All through high school, Wheeler believed he would become an engineer and even wanted to attend MIT.

But after studying architecture for a year at Texas A&M University, he transferred to UNT in 1989. He was motivated partially by his older sister, who was a student at Texas Woman's University at the time, and partially by an A&M architecture professor who encouraged him to seek a background in visual art.

At first, Wheeler had been hesitant to take up art in school. His grandfather, a professional painter, showed him that many artists must struggle to make a living.

At UNT, he studied art for seven years, earning a bachelor of fine arts degree in ceramics. He was able to balance a full-time job at Eye Masters while maintaining the active life of a student.

"I was happy to take any class that they would let me in to," he says. "Ceramics was a huge challenge, and the program demanded a lot of work. The work ethic that I learned from the faculty was great."

In his spare time, Wheeler works on a new home that he recently bought with his wife. He also designs and constructs modernist furniture.
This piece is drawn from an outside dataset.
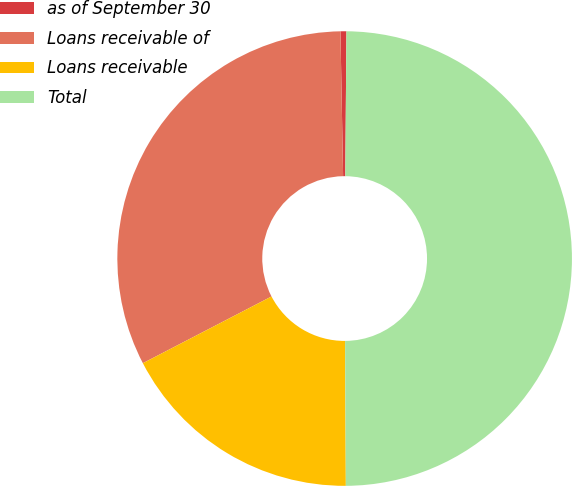<chart> <loc_0><loc_0><loc_500><loc_500><pie_chart><fcel>as of September 30<fcel>Loans receivable of<fcel>Loans receivable<fcel>Total<nl><fcel>0.42%<fcel>32.32%<fcel>17.47%<fcel>49.79%<nl></chart>

He has traveled all over the United States as well, he says, thanks to Diana Block, director of the UNT Art Gallery. Block gave Wheeler a chance to supervise and manage UNT's art exhibits, which then went on tour to cities such as New York, Los Angeles and Seattle. His knowledge of exhibit assembly and experience working with artists led, in part, to his current position with Elm Fork, and he continues working with the gallery.